PROBLEM TO SOLVE:
Copy, exactly and without additions, every line in the records below from the one holding "The horizontal FOV" through the one holding "4) person at [1407, 374, 1614, 729]", both ends included.

Dataset excerpts

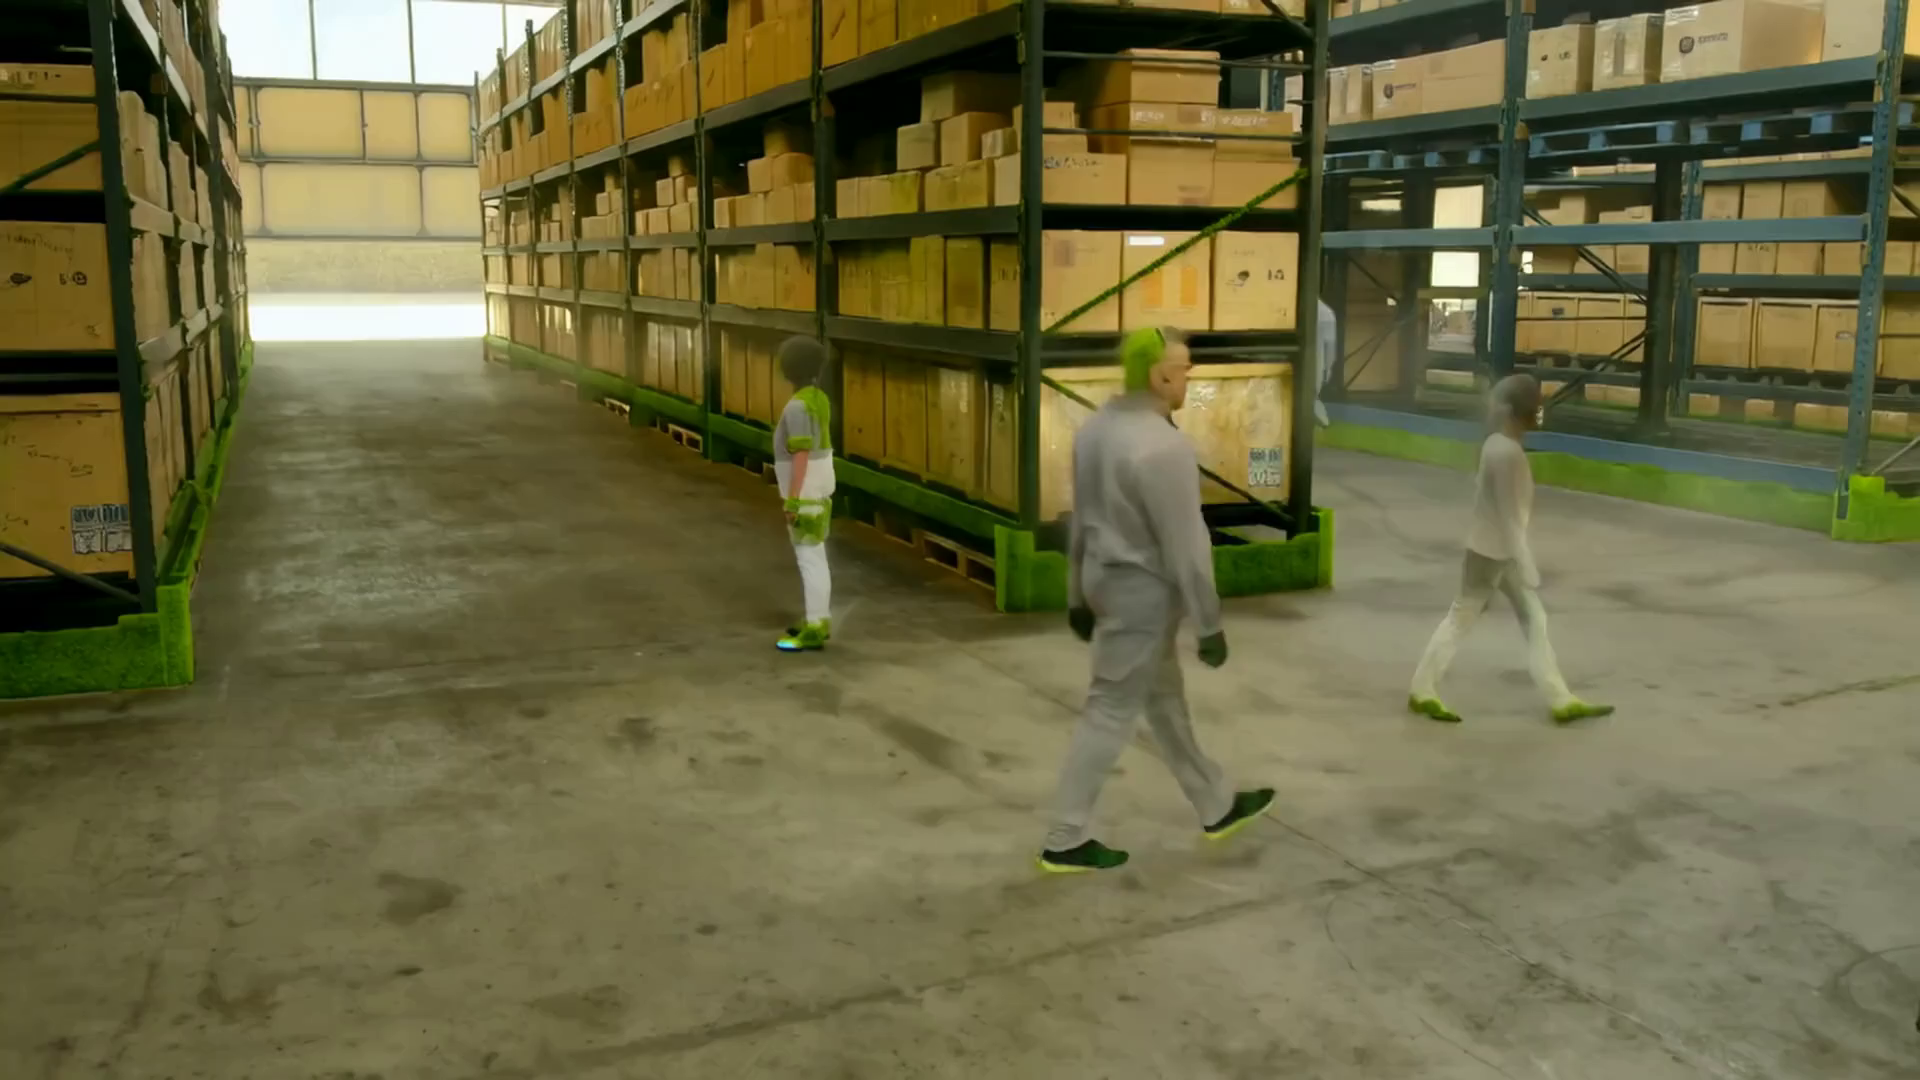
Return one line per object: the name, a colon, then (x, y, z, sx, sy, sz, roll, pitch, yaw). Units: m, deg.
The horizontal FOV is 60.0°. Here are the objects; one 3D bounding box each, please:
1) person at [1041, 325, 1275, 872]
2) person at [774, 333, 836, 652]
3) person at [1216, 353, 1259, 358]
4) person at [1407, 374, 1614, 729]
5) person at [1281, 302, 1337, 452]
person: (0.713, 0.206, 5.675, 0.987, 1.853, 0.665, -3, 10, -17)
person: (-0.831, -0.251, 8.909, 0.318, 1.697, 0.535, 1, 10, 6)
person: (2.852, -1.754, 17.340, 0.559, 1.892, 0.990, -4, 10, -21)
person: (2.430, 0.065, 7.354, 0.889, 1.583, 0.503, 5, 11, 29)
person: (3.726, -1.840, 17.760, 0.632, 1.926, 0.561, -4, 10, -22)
* * *
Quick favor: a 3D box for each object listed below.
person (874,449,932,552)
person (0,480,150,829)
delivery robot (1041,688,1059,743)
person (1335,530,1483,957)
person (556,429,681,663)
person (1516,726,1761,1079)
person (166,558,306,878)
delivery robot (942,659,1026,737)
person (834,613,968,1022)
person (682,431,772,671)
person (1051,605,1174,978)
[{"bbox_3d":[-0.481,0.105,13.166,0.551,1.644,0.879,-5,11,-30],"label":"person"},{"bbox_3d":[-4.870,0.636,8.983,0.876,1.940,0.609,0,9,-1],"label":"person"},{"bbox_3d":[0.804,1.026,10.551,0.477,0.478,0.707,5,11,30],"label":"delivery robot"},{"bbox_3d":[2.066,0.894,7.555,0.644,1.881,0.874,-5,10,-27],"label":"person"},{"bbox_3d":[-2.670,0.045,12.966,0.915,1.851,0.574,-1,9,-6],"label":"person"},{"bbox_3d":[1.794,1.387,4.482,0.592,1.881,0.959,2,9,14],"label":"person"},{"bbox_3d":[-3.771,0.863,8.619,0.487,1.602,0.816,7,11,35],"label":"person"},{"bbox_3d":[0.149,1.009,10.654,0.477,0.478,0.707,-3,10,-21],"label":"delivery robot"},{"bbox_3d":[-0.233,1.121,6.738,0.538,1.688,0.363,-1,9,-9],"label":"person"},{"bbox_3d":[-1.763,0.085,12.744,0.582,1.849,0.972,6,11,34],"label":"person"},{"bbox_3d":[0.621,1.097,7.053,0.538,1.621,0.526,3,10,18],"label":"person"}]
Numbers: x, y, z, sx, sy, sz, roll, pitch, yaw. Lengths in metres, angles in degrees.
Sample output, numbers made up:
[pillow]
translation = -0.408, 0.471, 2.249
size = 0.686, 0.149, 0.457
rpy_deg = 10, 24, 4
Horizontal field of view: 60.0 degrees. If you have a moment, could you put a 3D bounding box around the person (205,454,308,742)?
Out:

REPLY:
The horizontal FOV is 60.0°. Here are the objects; one 3D bounding box each, please:
1) person at [1041, 325, 1275, 872]
2) person at [774, 333, 836, 652]
3) person at [1216, 353, 1259, 358]
4) person at [1407, 374, 1614, 729]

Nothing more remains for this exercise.